Et quand je parle d’une mesure pénale humaine, je pèse mes mots : un enfermement strictement motivé au regard de la loi dans un cadre médico-judiciaire n’est pas un prodigieux scandale. Faute de quoi il faudrait remettre en cause les hospitalisations d’office et les hospitalisations à la demande d’un tiers, affectant les insensés afin de leur offrir un suivi psychiatrique dont ils sont nécessiteux, qui n’ont pas semblé gêner plus que cela l’ancienne ministre de la Justice.
L’évocation de Cesare Lombroso est tout aussi impudente, à la différence près que Lombroso ne s’est pas associé à un génocide. Lombroso avait cru établir le caractère inné, et donc génétique, de la criminalité. Pour ce faire, il mesurait notamment des crânes de criminels et y cherchait la bosse du crime. Il est revenu sur ses pas en 1899 en reconnaissant au contexte social une influence notable. Rien à voir donc avec la loi actuelle qui ne cherche pas des traits physiques pour enfermer ou condamner des présumés innocents mais bien pour empêcher de nuire des criminels avérés que la psychiatrie estime comme très dangereux s’ils venaient à être libérés.
Quant à Cesare Beccaria, l’ancienne ministre de la Justice oublie sans doute que cet opposant à la torture était donc par contrecoup favorable à l’enfermement proportionné au crime commis. Dans son Traité des délits et peines, chapitre XXVIII intitulé « De la peine de mort », il écrit que « le frein le plus propre à arrêter les crimes n’est donc pas tant le spectacle terrible, mais momentané, de la mort d’un scélérat, que l’exemple continuel d’un homme privé de sa liberté, transformé en quelque sorte en bête de somme, et restituant à la société par un travail pénible, et de toute sa vie, le dommage qu’il lui a fait ». C’est encore bien trop léger que de vouloir s’approprier Beccaria en tirant de son chapeau qu’en 2008 il serait opposé à la loi sur la rétention de sûreté des criminels sexuels dangereux, alors que rien n’indique qu’il serait partisan d’un régime de clémence particulier à l’égard de cette forme de criminalité.

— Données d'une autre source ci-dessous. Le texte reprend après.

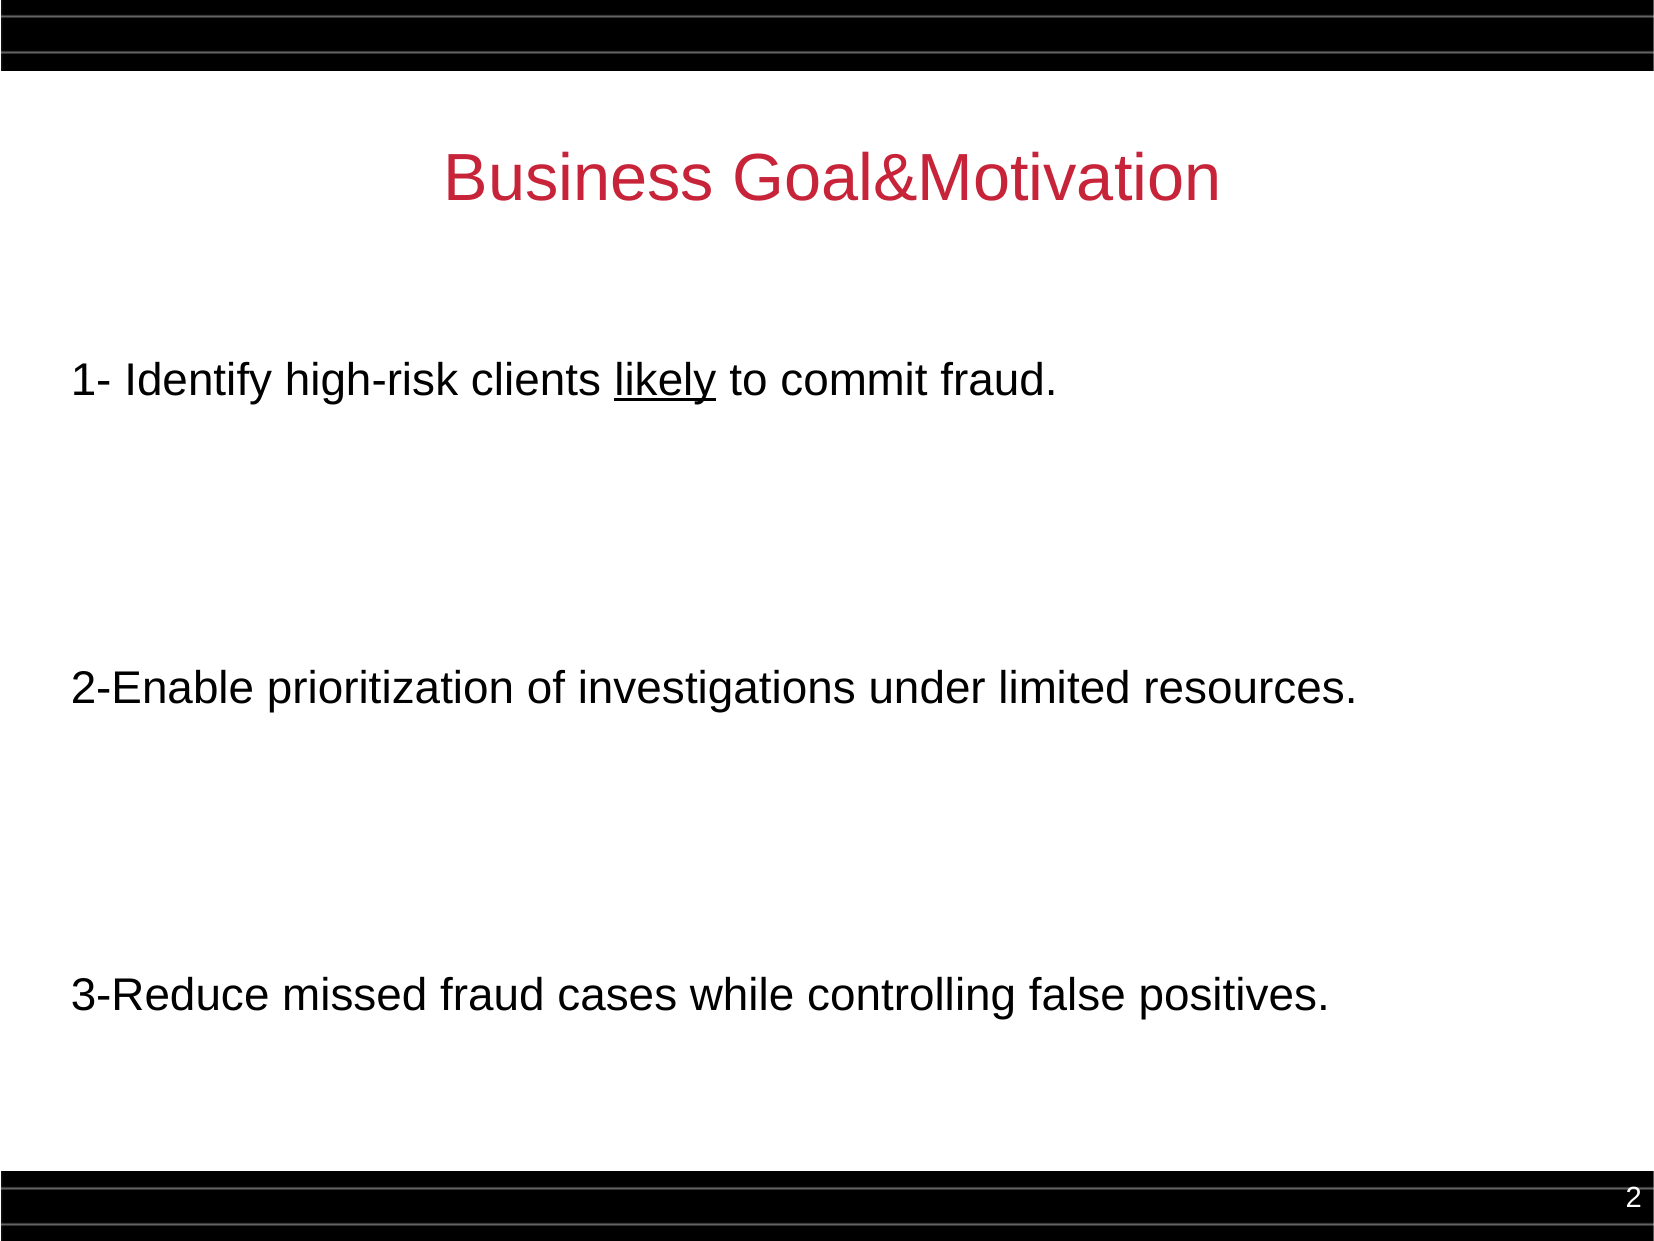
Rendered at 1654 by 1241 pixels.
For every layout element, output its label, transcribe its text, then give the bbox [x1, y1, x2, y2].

De la part d’une ancienne ministre de la Justice, tant de légèreté dans l’accusation et d’incongruité dans la récupération idéologique de références en matière judiciaire et philosophique aurait de quoi surprendre. Rappelons néanmoins que nous avons affaire à la ministre de la Justice qui en voulant « renforcer la présomption d’innocence » inscrivait dans la loi à plusieurs reprises la notion « d’indice faisant présumer [que des personnes] ont commis ou tenté de commettre une infraction » (inscrivant donc dans la loi une forme de notion de présomption de culpabilité), renommait la détention préventive en détention provisoire sans en changer le contenu, c’est-à-dire en donnant l’impression que désormais n’importe qui peut être placé en détention puisque la mesure n’aurait plus pour but de prévenir quoi que ce soit, et permettait aux accusés laissés libres en attendant l’audience de ne pas comparaître dans le box des accusés en cour d’assises, créant donc une distinction entre les accusés laissés libres et ceux placés en détention provisoire évidemment préjudiciable à la présomption d’innocence.